- **About this exercise**
Without the pictures, write out every entry that follows exactly.

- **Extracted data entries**
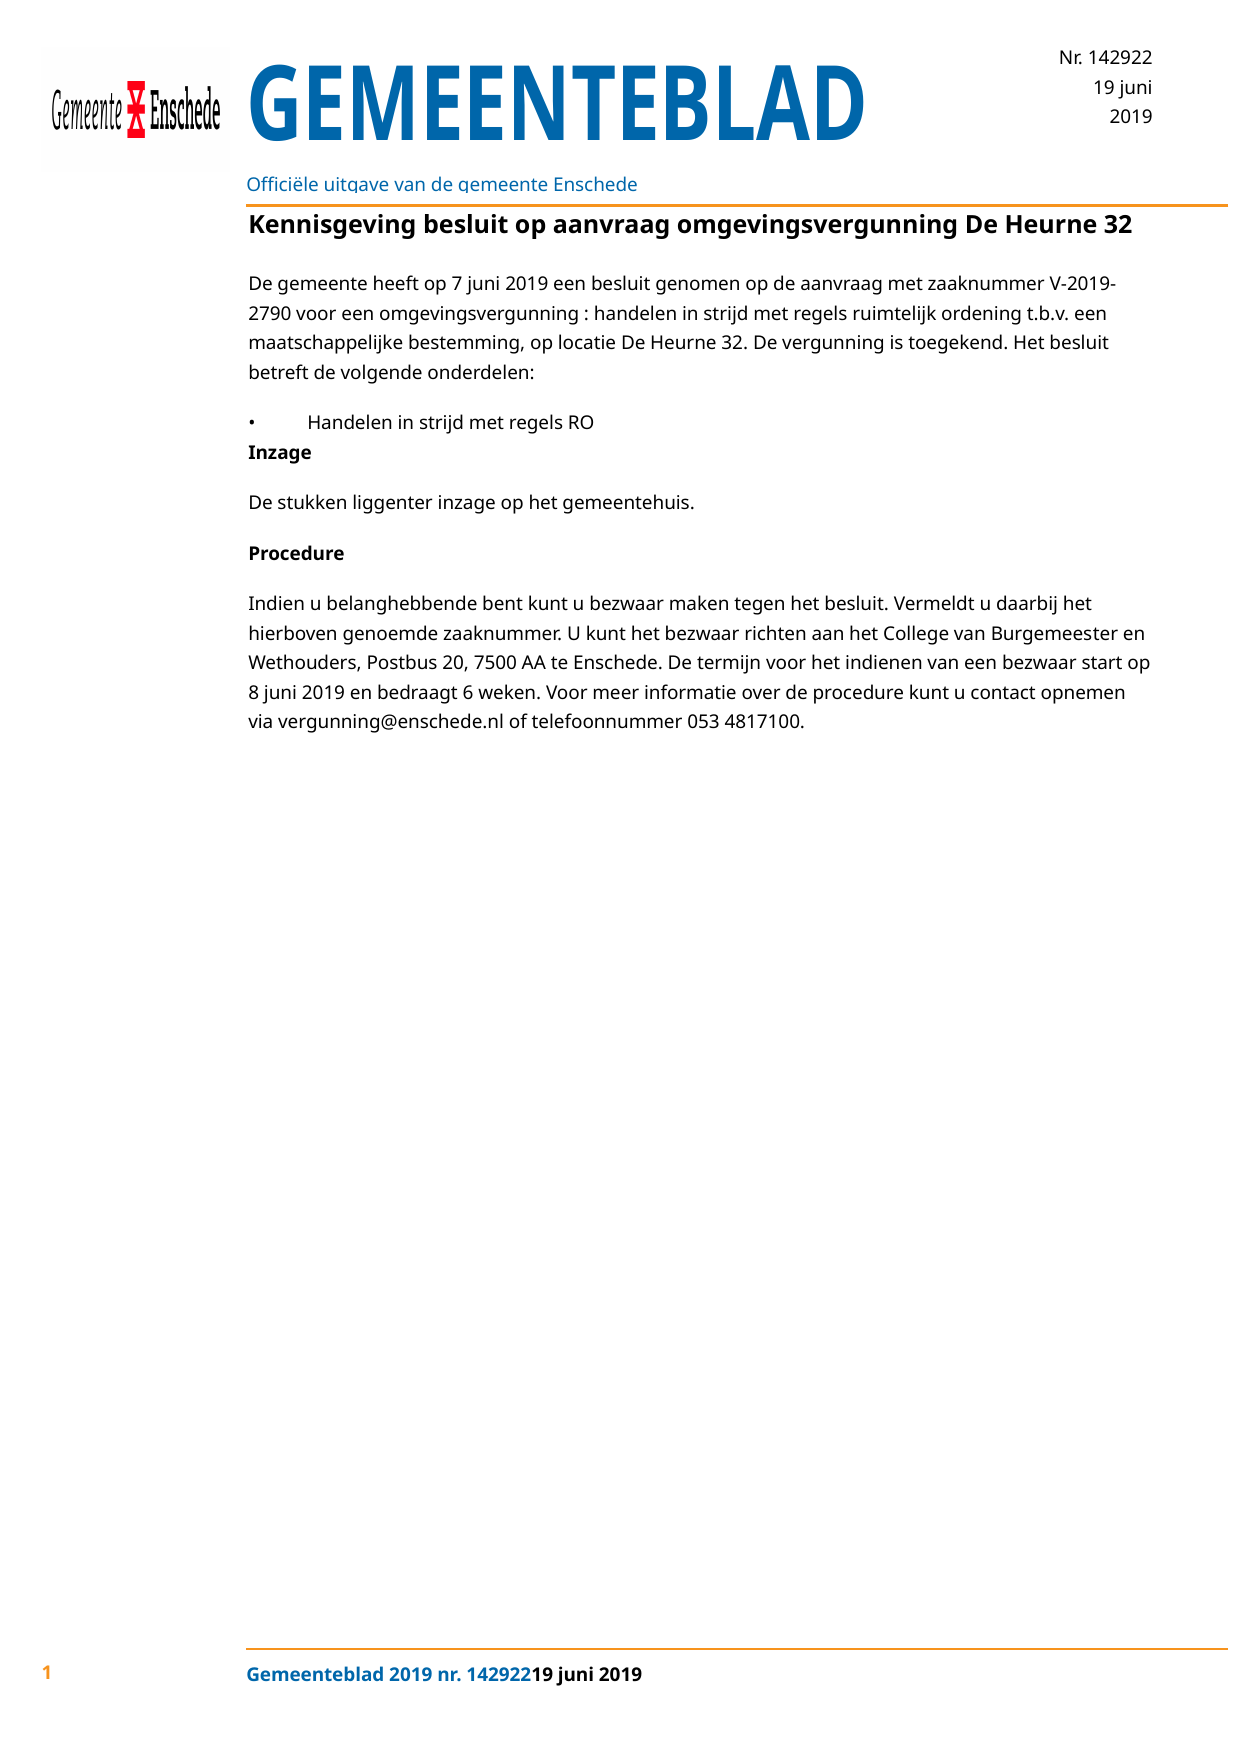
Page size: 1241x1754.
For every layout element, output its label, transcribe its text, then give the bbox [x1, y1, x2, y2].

text Procedure [248, 540, 1152, 566]
text Kennisgeving besluit op aanvraag omgevingsvergunning De Heurne 32 [248, 207, 1152, 241]
text De gemeente heeft op 7 juni 2019 een besluit genomen op de aanvraag met zaaknummer V-2019-2790 voor een omgevingsvergunning : handelen in strijd met regels ruimtelijk ordening t.b.v. een maatschappelijke bestemming, op locatie De Heurne 32. De vergunning is toegekend. Het besluit betreft de volgende onderdelen: [248, 270, 1152, 385]
text De stukken liggenter inzage op het gemeentehuis. [248, 489, 1152, 515]
list Handelen in strijd met regels RO [248, 409, 1152, 435]
text Inzage [248, 439, 1152, 465]
text Indien u belanghebbende bent kunt u bezwaar maken tegen het besluit. Vermeldt u daarbij het hierboven genoemde zaaknummer. U kunt het bezwaar richten aan het College van Burgemees­ter en Wethouders, Postbus 20, 7500 AA te Enschede. De termijn voor het indienen van een bezwaar start op 8 juni 2019 en bedraagt 6 weken. Voor meer informatie over de procedure kunt u contact opnemen via vergunning@enschede.nl of telefoonnummer 053 4817100. [248, 590, 1152, 734]
picture [41, 47, 231, 172]
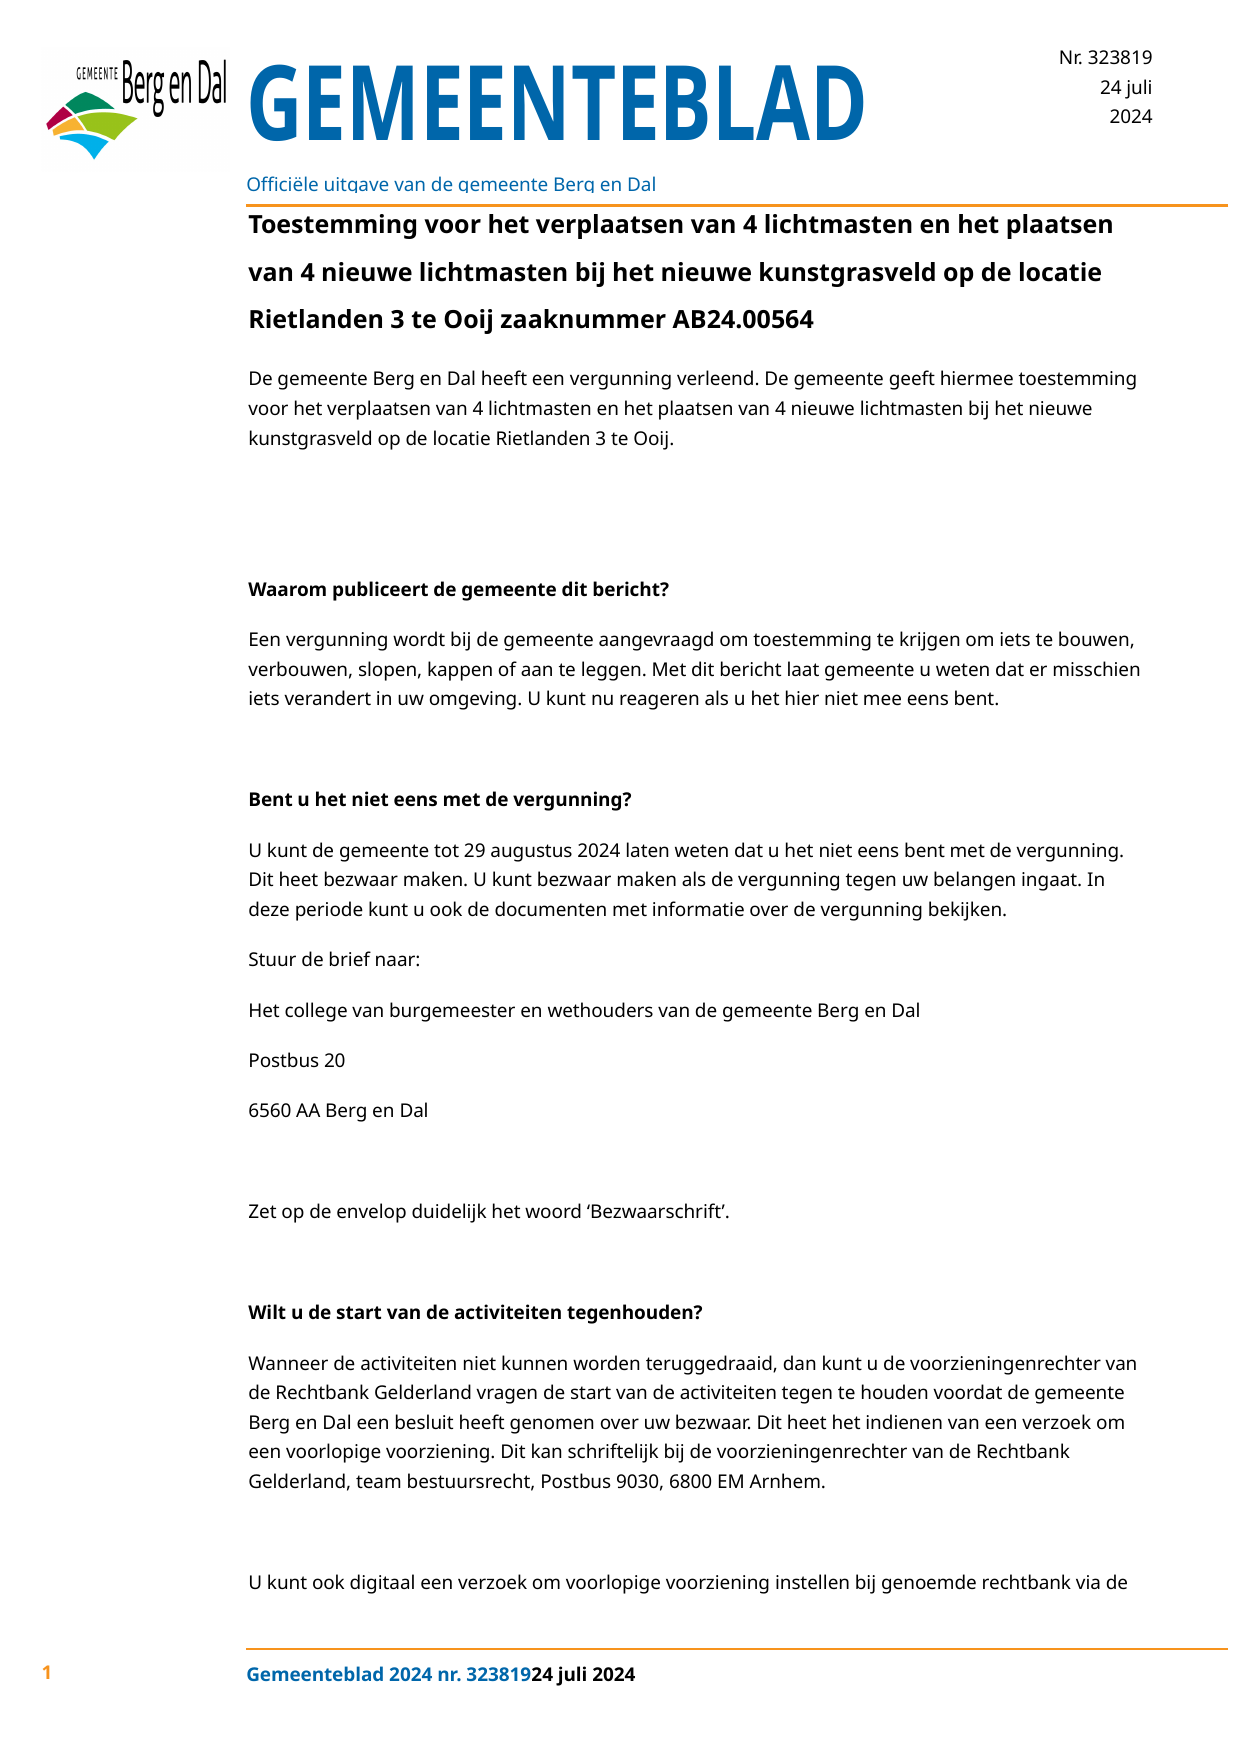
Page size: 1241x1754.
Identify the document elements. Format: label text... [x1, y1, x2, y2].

- **Output for this task**
Page size: 1241x1754.
For every layout element, output its label, transcribe its text, then give the bbox [x1, y1, x2, y2].

text Procedure [248, 540, 1152, 566]
text Kennisgeving besluit op aanvraag omgevingsvergunning De Heurne 32 [248, 207, 1152, 241]
text De gemeente heeft op 7 juni 2019 een besluit genomen op de aanvraag met zaaknummer V-2019-2790 voor een omgevingsvergunning : handelen in strijd met regels ruimtelijk ordening t.b.v. een maatschappelijke bestemming, op locatie De Heurne 32. De vergunning is toegekend. Het besluit betreft de volgende onderdelen: [248, 270, 1152, 385]
text De stukken liggenter inzage op het gemeentehuis. [248, 489, 1152, 515]
list Handelen in strijd met regels RO [248, 409, 1152, 435]
text Inzage [248, 439, 1152, 465]
text Indien u belanghebbende bent kunt u bezwaar maken tegen het besluit. Vermeldt u daarbij het hierboven genoemde zaaknummer. U kunt het bezwaar richten aan het College van Burgemees­ter en Wethouders, Postbus 20, 7500 AA te Enschede. De termijn voor het indienen van een bezwaar start op 8 juni 2019 en bedraagt 6 weken. Voor meer informatie over de procedure kunt u contact opnemen via vergunning@enschede.nl of telefoonnummer 053 4817100. [248, 590, 1152, 734]
picture [41, 47, 231, 172]
Page size: 1241x1754.
Identify the document elements. Format: label text... [x1, y1, x2, y2].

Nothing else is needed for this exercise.